Billie Eilish at the Met Gala. The event’s “gilded glamour” theme was the subject of a Rag Report explainer video.

Mike Coppola/Getty Images

Still, publish it does. And the way Neal and her colleagues think about the publication is more rooted in tradition than you might think. As a millennial who grew up with teen magazines, Neal says, there were “certain buckets of things that I looked forward to every month,” whether it was an advice column or people writing in with their stories. She strives for that effect with regular features, like explainer videos (“it really is boundless, what you can explain in fashion.”) There’s also the opportunity for instant feedback—the menswear and sustainability-themed video was made in response to a comment on a sustainable fashion post, asking about menswear brands. “Our audience loves to see themselves represented in our content,” she says. “Seeing their own comments responded to makes them feel heard.” A recent video highlighting crocheters on TikTok brought a flurry of excited comments from those featured. “They get excited because they’re small business owners or they’re just crafting within their own little bubbles. They start to share and tag, and the next thing you know, our audience grows organically.”

a latina woman with bobbed hair in a white corseted gown

Paloma Elsesser at the Met Gala. A video on the return of corsetry is among Rag Report’s recent features.

Dimitrios Kambouris/Getty Images

Gen Z is, of course, simultaneously passionate about the environment and one of the biggest consumers of fast fashion. Neal summarizes the publication’s approach to all things eco as “keeping it real.” While she believes no one can be 100 percent sustainable, she feels that it’s something that “being a fashion publication, we do have a responsibility to talk about.” Whether it’s greenwashing or fashion’s ongoing diversity and inclusion conversation, “we have to talk about those things. We have to have those difficult conversations and open that dialogue. And we have seen that when we do that, in our comment section, people have dialogue [among] themselves.” Sometimes that also means not shying away from, say, a video explicitly criticizing a fast fashion brand’s environmental toll: “As a publication, we stand on who we are. This is our tone of voice, and we’re not going to bend or change to make a brand happy.”

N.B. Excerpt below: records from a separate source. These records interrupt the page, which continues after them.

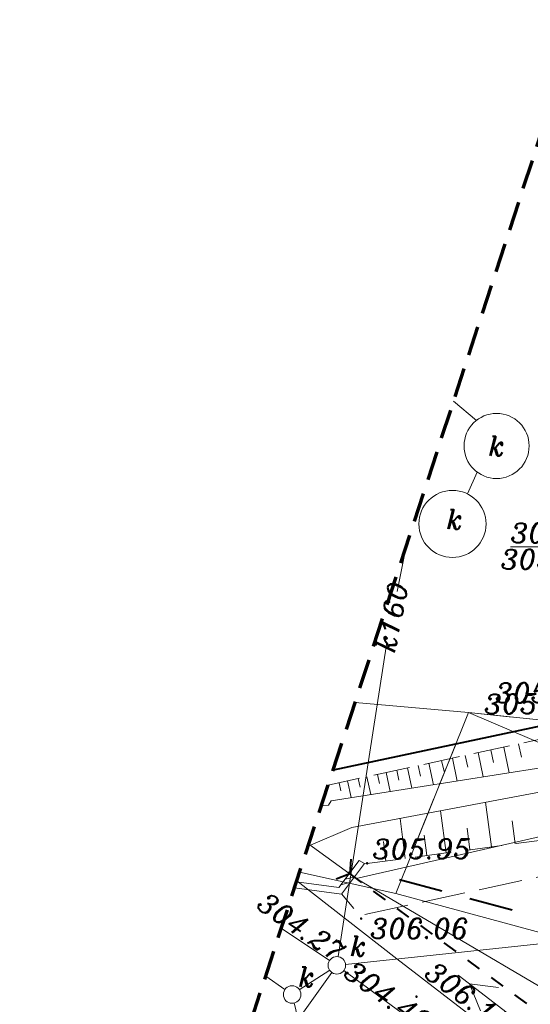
# Model space of a CAD drawing. Extents: x 4615668 to 9294084, y 5334101 to 10688993.
# Tile 4 of 37: x 4651137 to 4651154, y 5338657 to 5338690. Entities that reach past the tile are written whole.
import ezdxf
from ezdxf.enums import TextEntityAlignment as Align

# ---------------------------------------------------------------- set-up
doc = ezdxf.new("R2010")
doc.units = 0
doc.header["$MEASUREMENT"] = 0
for name, pattern in [('BUBZ02', [1.75, 1.25, -0.5]), ('DASHED', [19.05, 12.7, -6.35]), ('EGBK02', [2, 1.5, -0.5]), ('KTJZ01', [2, 1.5, -0.5]), ('l215_500', [2.5, 1.5, -0.4125, 0.175, -0.4125]), ('l217_500', [2, 1.5, -0.5]), ('l219_500', [0.5, -0.25, 0, -0.25]), ('l266_500', [1, 0.5, -0.5]), ('l424_500', [1.5, 1, -0.5]), ('l601_500', [1.5, 1, -0.5]), ('l641_500', [1.5, 1, -0.5]), ('l823_500', [1.75, 1.25, -0.5])]:
    doc.linetypes.add(name, pattern=pattern)
for name, color, linetype, lineweight in [('e_slupy', 7, 'Continuous', 13), ('eNN', 7, 'Continuous', 13), ('g', 7, 'Continuous', 13), ('gr_dzialki', 7, 'l219_500', 13), ('gr_klasy', 7, 'l217_500', 13), ('jezdnia', 7, 'l424_500', 13), ('k', 7, 'Continuous', 13), ('k_elem_naziemne', 7, 'Continuous', 13), ('k_komora', 7, 'l601_500', 13), ('k_rzedne', 7, 'Continuous', 13), ('mur', 7, 'Continuous', 13), ('ogr_symb', 7, 'l901_500', 40), ('pkt_wys', 7, 'Continuous', 13), ('pob_gr_obrebu', 7, 'Continuous', 40), ('przepust', 7, 'l266_500', 40), ('rowy', 7, 'l266_500', 13), ('skarpa_gora', 7, 'l823_500', 13), ('skarpa_umoc', 7, 'Continuous', 13), ('Wymiar', 7, 'Continuous', 9), ('zakresy', 7, 'l215_500', 70)]:
    doc.layers.add(name, color=color, linetype=linetype, lineweight=lineweight)
doc.styles.add('Style-ITALIC_1250', font='ITALIC_1250.shx')
doc.styles.add('txt', font='TXT', dxfattribs={"height": 0.2})
doc.linetypes.add('KTOK05', pattern='A,3.75,[16,dgnlstyle-2015all.shx,S=0.0028,R=0,X=0,Y=0],3.75', length=7.5)
doc.linetypes.add('l901_500', pattern='A,3.75,[38,dgnlstyle-2015all.shx,S=0.0028,R=0,X=0,Y=0],3.75', length=7.5)

# ---------------------------------------------------------------- blocks, each defined once
blk = doc.blocks.new('506_5')
at = {"layer": 'k_elem_naziemne', "color": 24, "linetype": 'Continuous', "lineweight": 13}
blk.add_circle((0, 0), 0.3, dxfattribs=at)
blk = doc.blocks.new('140')
at = {"linetype": 'ByBlock', "lineweight": -2}
blk.add_hatch(color=0, dxfattribs=at).paths.add_polyline_path([(0.45, 0, 1), (-0.45, 0, 1)], flags=16)
blk = doc.blocks.new('SUPE04')
at = {"layer": 'e_slupy', "color": 1, "linetype": 'Continuous', "lineweight": 13}
for p, q in [((95.32, 0), (78, 10)), ((5, 0), (105, 0)), ((78, -10), (95.32, 0))]:
    blk.add_line(p, q, dxfattribs=at)
blk = doc.blocks.new('SUPE4')
at = {"layer": 'e_slupy', "color": 1, "linetype": 'Continuous', "lineweight": 13, "xscale": 0.05, "yscale": 0.05, "zscale": 0.05}
blk.add_blockref('SUPE04', (0, 0), dxfattribs=at)
blk = doc.blocks.new('G$C3390F2A0')
at = {"layer": 'eNN', "color": 1, "linetype": 'Continuous', "lineweight": 13, "flags": 128}
blk.add_lwpolyline([(16.424, 39.584), (19.851, 36.916), (30.945, 28.369), (38.616, 23.186)], dxfattribs=at)
at = {"layer": 'g', "color": 52, "linetype": 'Continuous', "lineweight": 13, "flags": 128}
for points in [[(18.453, 39.663), (28.229, 41.889), (31.654, 43.705), (44.378, 59.32), (48.154, 63.766), (48.651, 64.632)], [(44.972, 23.653), (42.903, 24.972), (28.313, 33.861), (18.453, 39.663), (16.834, 40.838)]]:
    blk.add_lwpolyline(points, dxfattribs=at)
at = {"layer": 'gr_dzialki', "color": 96, "linetype": 'Continuous', "lineweight": 13}
for p, q in [((22.307, 45.347), (18.421, 45.691)), ((22.307, 45.347), (19.813, 39.153)), ((22.307, 45.347), (19.813, 39.153)), ((39.27, 38.121), (22.307, 45.347)), ((22.307, 45.347), (27.009, 44.862)), ((27.009, 44.862), (22.307, 45.347)), ((19.813, 39.153), (16.52, 39.877)), ((36.056, 34.765), (19.813, 39.153))]:
    blk.add_line(p, q, dxfattribs=at)
at = {"layer": 'gr_klasy', "color": 96, "linetype": 'EGBK02', "lineweight": 13}
for p, q in [((19.813, 39.153), (22.307, 45.347)), ((22.307, 45.347), (27.009, 44.862))]:
    blk.add_line(p, q, dxfattribs=at)
at = {"layer": 'jezdnia', "color": 7, "linetype": 'KTJZ01', "lineweight": 13, "flags": 128}
blk.add_lwpolyline([(58.167, 76.235), (52.409, 66.184), (44.964, 53.366), (40.82, 48.381), (34.175, 43.393), (27.999, 40.436), (18.581, 38.395), (17.95, 39.145)], dxfattribs=at)
at = {"layer": 'k', "color": 24, "linetype": 'Continuous', "lineweight": 13}
for p, q in [((21.797, 56.011), (22.581, 55.357)), ((22.602, 53.586), (22.268, 52.84)), ((19.857, 49.497), (20.169, 51.034)), ((17.843, 36.988), (19.503, 47.749)), ((15.893, 37.961), (17.548, 36.858)), ((18.096, 36.723), (28.545, 37.837)), ((17.623, 36.447), (13.517, 30.696)), ((18.039, 36.514), (40.12, 20.353))]:
    blk.add_line(p, q, dxfattribs=at)
at = {"layer": 'k', "color": 24, "linetype": 'Continuous', "lineweight": 13, "flags": 128}
for points in [[(17.552, 36.528), (16.511, 35.853)], [(16.016, 35.864), (15.358, 36.324)]]:
    blk.add_lwpolyline(points, dxfattribs=at)
at = {"layer": 'k_komora', "color": 36, "linetype": 'Continuous', "lineweight": 13}
for centre, radius in [((23.269, 54.48), 1.115), ((21.757, 51.81), 1.15)]:
    blk.add_circle(centre, radius, dxfattribs=at)
at = {"layer": 'k_rzedne', "color": 24, "linetype": 'Continuous', "lineweight": 13, "flags": 128}
blk.add_lwpolyline([(16.332, 35.404), (19.343, 22.811), (22.428, 22.811)], dxfattribs=at)
at = {"layer": 'mur', "color": 7, "linetype": 'Continuous', "lineweight": 13}
for p, q in [((18.275, 39.541), (17.932, 39.45)), ((18.08, 39.647), (18.381, 39.709))]:
    blk.add_line(p, q, dxfattribs=at)
at = {"layer": 'mur', "color": 7, "linetype": 'Continuous', "lineweight": 13, "flags": 128}
for points in [[(18.566, 40.284), (18.743, 40.178), (17.961, 39.131), (16.348, 39.35)], [(16.412, 39.547), (17.863, 39.359), (18.566, 40.284)]]:
    blk.add_lwpolyline(points, dxfattribs=at)
at = {"layer": 'ogr_symb', "color": 7, "linetype": 'KTOK05', "lineweight": 40}
blk.add_lwpolyline([(39.925, 59.182), (26.264, 45.203), (17.665, 43.379)], dxfattribs=at)
at = {"layer": 'pob_gr_obrebu', "color": 7, "linetype": 'Continuous', "lineweight": 40}
for p, q in [((19.944, 39.636), (21.392, 39.244)), ((22.357, 38.984), (23.805, 38.592))]:
    blk.add_line(p, q, dxfattribs=at)
at = {"layer": 'przepust', "color": 7, "linetype": 'Continuous', "lineweight": 40}
for p, q in [((18.239, 39.824), (18.642, 39.528)), ((19.046, 39.232), (19.449, 38.937)), ((19.852, 38.641), (20.255, 38.345)), ((20.659, 38.05), (21.062, 37.754)), ((21.465, 37.458), (21.868, 37.163)), ((22.271, 36.867), (22.675, 36.571)), ((23.078, 36.276), (23.481, 35.98)), ((23.884, 35.685), (24.288, 35.389))]:
    blk.add_line(p, q, dxfattribs=at)
at = {"layer": 'przepust', "color": 7, "linetype": 'Continuous', "lineweight": 40, "flags": 128}
blk.add_lwpolyline([(18.278, 40.322), (18.239, 39.824), (17.775, 39.637)], dxfattribs=at)
at = {"layer": 'rowy', "color": 7, "linetype": 'Continuous', "lineweight": 13, "flags": 128}
for points in [[(45.907, 66.112), (40.884, 57.08), (27.753, 43.919), (17.605, 42.326), (17.505, 42.175), (17.265, 42.156)], [(16.814, 40.777), (18.313, 41.412), (27.217, 43.091), (28.087, 43.295), (41.508, 56.539), (46.656, 65.614)]]:
    blk.add_lwpolyline(points, dxfattribs=at)
at = {"layer": 'skarpa_gora', "color": 7, "linetype": 'BUBZ02', "lineweight": 13, "flags": 128}
for points in [[(18.739, 40.166), (27.82, 41.374), (33.085, 44.856), (38.987, 50.629), (42.602, 55.183), (47.702, 64.673)], [(40.33, 59.003), (34.254, 52.738), (26.955, 44.913), (17.504, 42.866)]]:
    blk.add_lwpolyline(points, dxfattribs=at)
at = {"layer": 'skarpa_umoc', "color": 7, "linetype": 'Continuous', "lineweight": 13}
for p, q in [((24.025, 44.278), (24.124, 43.821)), ((24.025, 44.278), (24.124, 43.821)), ((24.025, 44.278), (24.124, 43.821)), ((24.025, 44.278), (24.124, 43.821)), ((22.193, 43.881), (22.28, 43.478)), ((22.193, 43.881), (22.28, 43.478)), ((22.193, 43.881), (22.28, 43.478)), ((22.193, 43.881), (22.28, 43.478)), ((22.813, 43.144), (22.633, 43.976)), ((22.813, 43.144), (22.633, 43.976)), ((22.813, 43.144), (22.633, 43.976)), ((22.813, 43.144), (22.633, 43.976)), ((23.072, 44.072), (23.165, 43.643)), ((23.072, 44.072), (23.165, 43.643)), ((23.072, 44.072), (23.165, 43.643)), ((23.072, 44.072), (23.165, 43.643)), ((23.703, 43.283), (23.512, 44.167)), ((23.703, 43.283), (23.512, 44.167)), ((23.703, 43.283), (23.512, 44.167)), ((23.703, 43.283), (23.512, 44.167)), ((20.581, 43.532), (20.659, 43.175)), ((20.581, 43.532), (20.659, 43.175)), ((20.581, 43.532), (20.659, 43.175)), ((20.581, 43.532), (20.659, 43.175)), ((21.107, 42.876), (20.948, 43.612)), ((21.107, 42.876), (20.948, 43.612)), ((21.107, 42.876), (20.948, 43.612)), ((21.107, 42.876), (20.948, 43.612)), ((21.387, 43.707), (21.469, 43.326)), ((21.387, 43.707), (21.469, 43.326)), ((21.387, 43.707), (21.469, 43.326)), ((21.387, 43.707), (21.469, 43.326)), ((21.923, 43.004), (21.753, 43.786)), ((21.923, 43.004), (21.753, 43.786)), ((21.923, 43.004), (21.753, 43.786)), ((21.923, 43.004), (21.753, 43.786)), ((19.189, 43.231), (19.258, 42.914)), ((19.189, 43.231), (19.258, 42.914)), ((19.189, 43.231), (19.258, 42.914)), ((19.189, 43.231), (19.258, 42.914)), ((19.623, 42.643), (19.482, 43.294)), ((19.623, 42.643), (19.482, 43.294)), ((19.623, 42.643), (19.482, 43.294)), ((19.623, 42.643), (19.482, 43.294)), ((19.849, 43.373), (19.921, 43.038)), ((19.849, 43.373), (19.921, 43.038)), ((19.849, 43.373), (19.921, 43.038)), ((19.849, 43.373), (19.921, 43.038)), ((20.365, 42.76), (20.215, 43.453)), ((20.365, 42.76), (20.215, 43.453)), ((20.365, 42.76), (20.215, 43.453)), ((20.365, 42.76), (20.215, 43.453)), ((17.87, 42.945), (17.931, 42.666)), ((17.87, 42.945), (17.931, 42.666)), ((17.87, 42.945), (17.931, 42.666)), ((17.87, 42.945), (17.931, 42.666)), ((18.288, 42.434), (18.163, 43.009)), ((18.288, 42.434), (18.163, 43.009)), ((18.288, 42.434), (18.163, 43.009)), ((18.288, 42.434), (18.163, 43.009)), ((18.53, 43.088), (18.594, 42.79)), ((18.53, 43.088), (18.594, 42.79)), ((18.53, 43.088), (18.594, 42.79)), ((18.53, 43.088), (18.594, 42.79)), ((18.956, 42.539), (18.823, 43.151)), ((18.956, 42.539), (18.823, 43.151)), ((18.956, 42.539), (18.823, 43.151)), ((18.956, 42.539), (18.823, 43.151)), ((22.891, 42.275), (23.095, 40.745)), ((22.891, 42.275), (23.095, 40.745)), ((22.891, 42.275), (23.095, 40.745)), ((22.891, 42.275), (23.095, 40.745)), ((21.352, 41.984), (21.544, 40.539)), ((21.352, 41.984), (21.544, 40.539)), ((21.352, 41.984), (21.544, 40.539)), ((21.352, 41.984), (21.544, 40.539)), ((19.96, 41.722), (20.142, 40.352)), ((19.96, 41.722), (20.142, 40.352)), ((19.96, 41.722), (20.142, 40.352)), ((19.96, 41.722), (20.142, 40.352)), ((23.907, 40.853), (23.802, 41.64)), ((23.907, 40.853), (23.802, 41.64)), ((23.907, 40.853), (23.802, 41.64)), ((23.907, 40.853), (23.802, 41.64)), ((20.88, 40.45), (20.786, 41.155)), ((20.88, 40.45), (20.786, 41.155)), ((20.88, 40.45), (20.786, 41.155)), ((20.88, 40.45), (20.786, 41.155)), ((22.357, 40.647), (22.257, 41.392)), ((22.357, 40.647), (22.257, 41.392)), ((22.357, 40.647), (22.257, 41.392)), ((22.357, 40.647), (22.257, 41.392)), ((19.477, 40.264), (19.389, 40.931)), ((19.477, 40.264), (19.389, 40.931)), ((19.477, 40.264), (19.389, 40.931)), ((19.477, 40.264), (19.389, 40.931))]:
    blk.add_line(p, q, dxfattribs=at)
at = {"layer": 'zakresy', "color": 217, "linetype": 'l641_500', "lineweight": 70, "flags": 128}
blk.add_lwpolyline([(6.931, 10.558), (39.477, 110.069), (74.623, 175.45), (179.151, 163.591), (168.968, 97.168), (66.518, 8.467), (6.931, 10.558)], dxfattribs=at)
at = {"layer": 'e_slupy', "color": 1, "linetype": 'Continuous', "lineweight": 13, "rotation": 142.5715281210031}
blk.add_blockref('SUPE4', (26.124, 33.161), dxfattribs=at)
at = {"layer": 'k_elem_naziemne', "color": 24, "linetype": 'Continuous', "lineweight": 13}
for p, rotation in [((17.797, 36.691), 273.0174581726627), ((16.263, 35.692), 280.4785336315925)]:
    blk.add_blockref('506_5', p, dxfattribs=dict(at, rotation=rotation))
at = {"layer": 'pkt_wys', "color": 7, "linetype": 'Continuous', "lineweight": 13, "xscale": 0.1, "yscale": 0.1, "zscale": 0.1, "rotation": 0.06578024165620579}
for p in [(18.834, 40.185), (18.834, 40.185), (18.834, 40.185), (18.834, 40.185), (18.231, 39.873), (18.231, 39.873), (18.231, 39.873), (18.231, 39.873), (18.628, 38.292), (18.628, 38.292), (18.628, 38.292), (18.628, 38.292), (20.524, 35.618), (20.524, 35.618), (20.524, 35.618), (20.524, 35.618)]:
    blk.add_blockref('140', p, dxfattribs=at)
at = {"layer": 'k', "color": 24, "linetype": 'Continuous', "lineweight": 13, "char_height": 0.68, "line_spacing_factor": 0.722892, "style": 'txt'}
for s, insert, attachment_point, rotation in [('\\FITALIC_1250.shx;k160', (19.68, 48.623), 5, 78.5453), ('\\FITALIC_1250.shx;304.49', (19.356, 35.365), 8, 324.7138)]:
    blk.add_mtext(s, dxfattribs=dict(at, insert=insert, attachment_point=attachment_point, rotation=rotation))
at = {"layer": 'k_elem_naziemne', "color": 7, "linetype": 'Continuous', "lineweight": 13, "style": 'Style-ITALIC_1250'}
for p in [(23.269, 54.48), (21.832, 51.965)]:
    blk.add_text('k', height=0.68, dxfattribs=at).set_placement(p, align=Align.MIDDLE_CENTER)
at = {"layer": 'k_elem_naziemne', "color": 24, "linetype": 'Continuous', "lineweight": 13, "style": 'Style-ITALIC_1250'}
blk.add_text('k', height=0.68, dxfattribs=at).set_placement((18.24, 37.009))
at = {"layer": 'k_elem_naziemne', "color": 24, "linetype": 'Continuous', "lineweight": 13, "insert": (16.468, 35.956), "char_height": 0.68, "attachment_point": 7, "line_spacing_factor": 0.722892, "style": 'Style-ITALIC_1250'}
blk.add_mtext('\\FITALIC_1250.shx;k', dxfattribs=at)
at = {"layer": 'k_rzedne', "color": 24, "linetype": 'Continuous', "lineweight": 13, "char_height": 0.68, "line_spacing_factor": 0.722892, "style": 'txt'}
for s, insert, attachment_point, rotation in [('\\FITALIC_1250.shx;\\L306.16', (23.745, 51.161), 7, 0.0658), ('\\FITALIC_1250.shx;303.69', (23.41, 50.938), 1, 0.0658), ('\\FITALIC_1250.shx;304.27', (15.388, 39.241), 1, 325.2425)]:
    blk.add_mtext(s, dxfattribs=dict(at, insert=insert, attachment_point=attachment_point, rotation=rotation))
at = {"layer": 'pkt_wys', "color": 7, "linetype": 'Continuous', "lineweight": 13, "char_height": 0.68, "attachment_point": 7, "line_spacing_factor": 0.722892}
for s, insert, rotation, style in [('\\FITALIC_1250.shx;305.82', (22.845, 45.303), 0.0658, 'Style-ITALIC_1250'), ('\\FITALIC_1250.shx;305,82', (23.22, 45.477), 0.0658, 'txt'), ('\\FITALIC_1250.shx;305.95', (19.021, 40.336), 0.0658, 'Style-ITALIC_1250'), ('\\FITALIC_1250.shx;305.95', (19.021, 40.336), 0.0658, 'Style-ITALIC_1250'), ('\\FITALIC_1250.shx;305.95', (19.021, 40.336), 0.0658, 'Style-ITALIC_1250'), ('\\FITALIC_1250.shx;305.95', (19.021, 40.336), 0.0658, 'Style-ITALIC_1250'), ('\\FITALIC_1250.shx;306.06', (18.941, 37.611), 0.0658, 'Style-ITALIC_1250'), ('\\FITALIC_1250.shx;306.06', (18.941, 37.611), 0.0658, 'Style-ITALIC_1250'), ('\\FITALIC_1250.shx;306.06', (18.941, 37.611), 0.0658, 'Style-ITALIC_1250'), ('\\FITALIC_1250.shx;306.06', (18.941, 37.611), 0.0658, 'Style-ITALIC_1250'), ('\\FITALIC_1250.shx; 306.19', (20.372, 36.602), 323.7521, 'Style-ITALIC_1250')]:
    blk.add_mtext(s, dxfattribs=dict(at, insert=insert, rotation=rotation, style=style))

msp = doc.modelspace()

# ---------------------------------------------------------------- block references
at = {"layer": 'Wymiar', "color": 242, "linetype": 'DASHED', "lineweight": 30, "ltscale": 0.01}
msp.add_blockref('G$C3390F2A0', (4651129.64, 5338621.247), dxfattribs=at)

doc.saveas('drawing.dxf')

dior ballet flats street style

Yasmin von Schlieffen-Nannen wearing Dior ballet flats. “Balletcore” was the theme of a recent Rag Report explainer.

Jeremy Moeller/Getty Images

This season, the publication partnered with TikTok for fashion month, creating videos about, for example, the history of self-expression (which was the platform’s fashion month theme this past season), highlighting lesser-known designers. “Of course the pop culture stuff, the Kanye stuff, the Kim stuff, that grabs eyes,” Neal acknowledges. “We put Pete Davidson on something and it goes crazy because that’s just what’s trending. But the strategy is to mix it in….We don’t want to go all the way pop culture just because we know that works.” During Fashion Week, “we did this post about shows that didn’t get press, shows you might have missed because they didn’t get the headlines, the big writeup or the big picture on the cover page, but they were still great.” Another topic that has been unexpectedly engaging for Rag Report’s followers: the crossover between fashion and mental health. Working with Kyra’s mental health channel, Glia, it has produced videos on topics like “dopamine dressing.”

The future of Rag Report might not be confined to the For You page. Neal says the publication is planning to experiment with longer-form documentary-style videos, now that TikTok allows 10-minute run times. It will be holding a TikTok-based competition for up-and-coming designers. But it’s also making IRL moves, looking into doing in-person events and swap meets. “COVID willing,” she says. “Our whole point is community building, so we want to activate in different cities and give these creators and designers a chance to interact with each other in real life.”